Par un mémoire en défense, enregistré le 30 mars 2022, la commune de Perpignan conclut, à titre principal, au rejet de la requête, à titre subsidiaire, si sa responsabilité venait à être reconnue, à ce qu'elle ne soit condamnée qu'à verser la somme de 41 619,92 euros et la somme de 1 500 euros au titre de l'article L. 761-1 du code de justice administrative et, en tout état de cause, à ce qu'il soit mis à la charge de la société appelante le paiement d'une somme de 2 000 euros sur le fondement de l'article L. 761-1 du code de justice administrative.
Elle fait valoir que :
- les premiers juges n'ont pas violé les stipulations de l'article 6 de la convention européenne de sauvegarde des droits de l'homme et des libertés fondamentales ;
- à titre principal, sa responsabilité ne peut être engagée dès lors qu'elle n'est pas à l'origine de la décision illégale ;
- le jugement attaqué doit être confirmé s'agissant des demandes indemnitaires de l'appelante.

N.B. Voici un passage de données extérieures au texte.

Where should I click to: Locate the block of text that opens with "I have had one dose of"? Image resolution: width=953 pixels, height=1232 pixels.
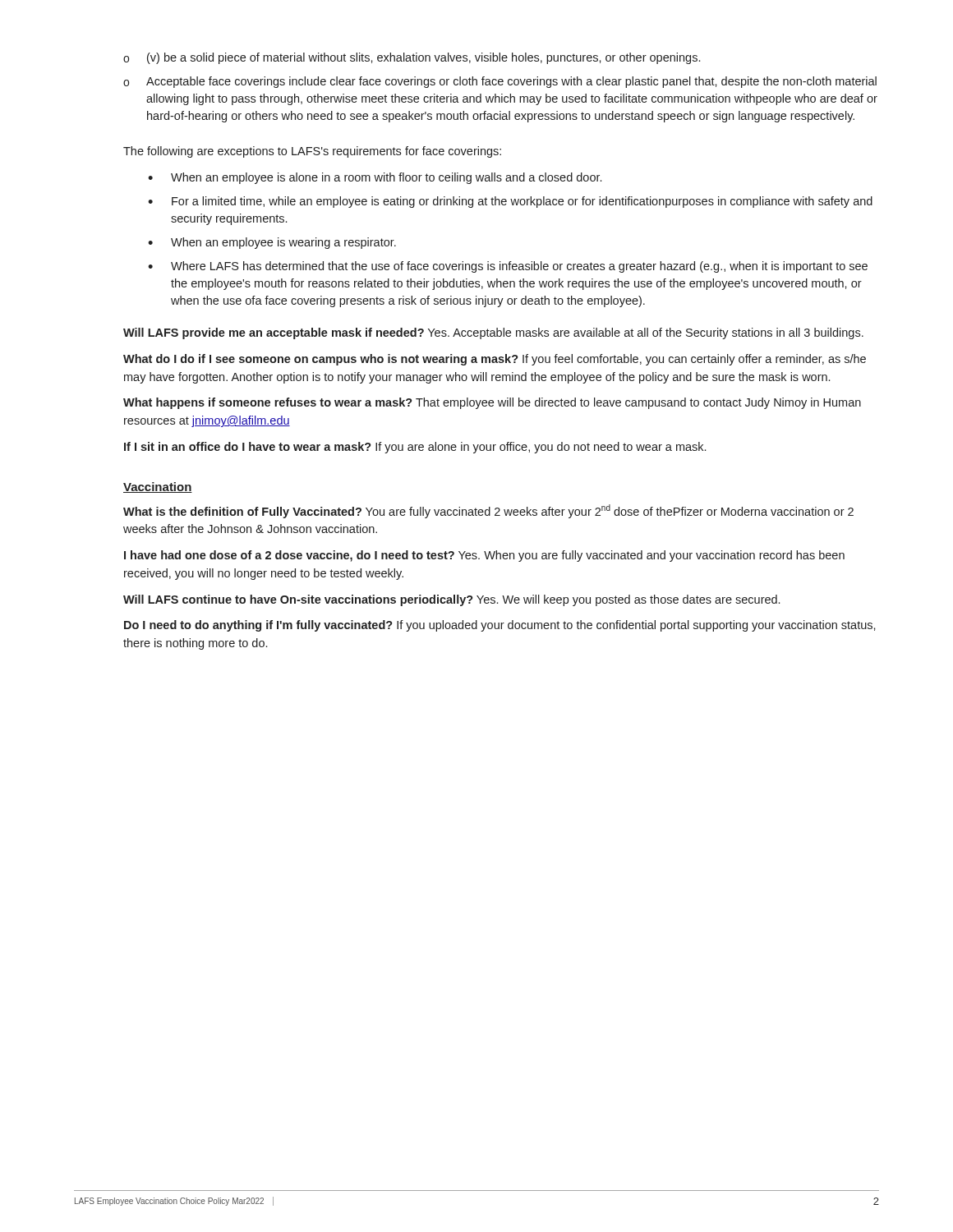pyautogui.click(x=484, y=564)
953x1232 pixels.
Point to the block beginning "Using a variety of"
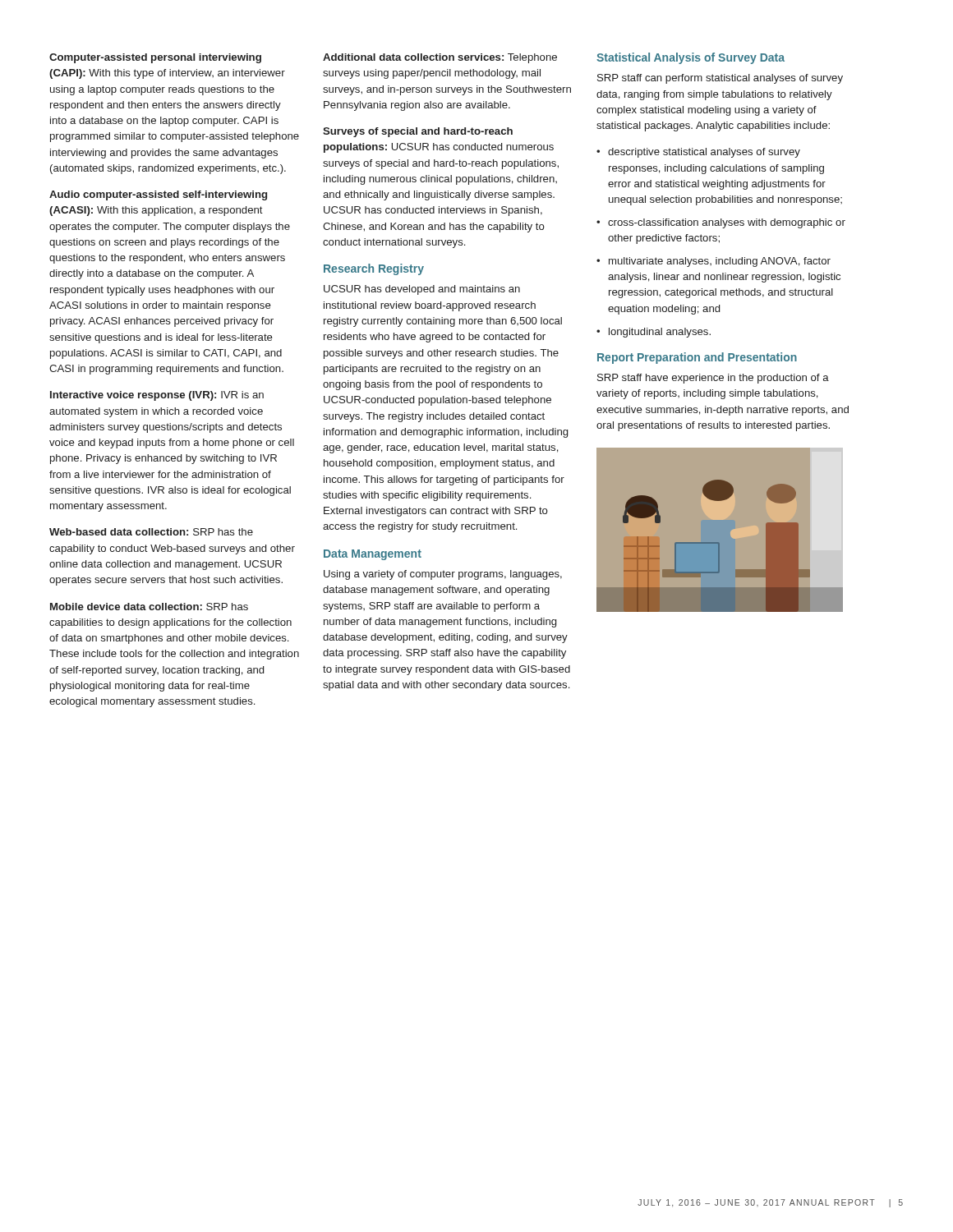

Par un mémoire en défense, enregistré le 9 juin 2023, le ministre de la santé et de la prévention conclut au rejet de la requête.
Il fait valoir que :
- le jugement attaqué n'est pas vicié du fait de l'absence de défense du préfet en première instance ;
- l'appelante n'établit pas que la responsabilité de l'Etat pour faute doit être engagée en raison de la mise en œuvre prétendument fautive de la procédure préalable à l'édiction de l'arrêté du 15 décembre 2017 ;
- l'appelante n'établit pas avoir droit à une indemnité supérieure à celle allouée par les premiers juges.
Par une ordonnance du 9 juin 2023, la clôture de l'instruction a été reportée du 9 juin au 11 juillet 2023.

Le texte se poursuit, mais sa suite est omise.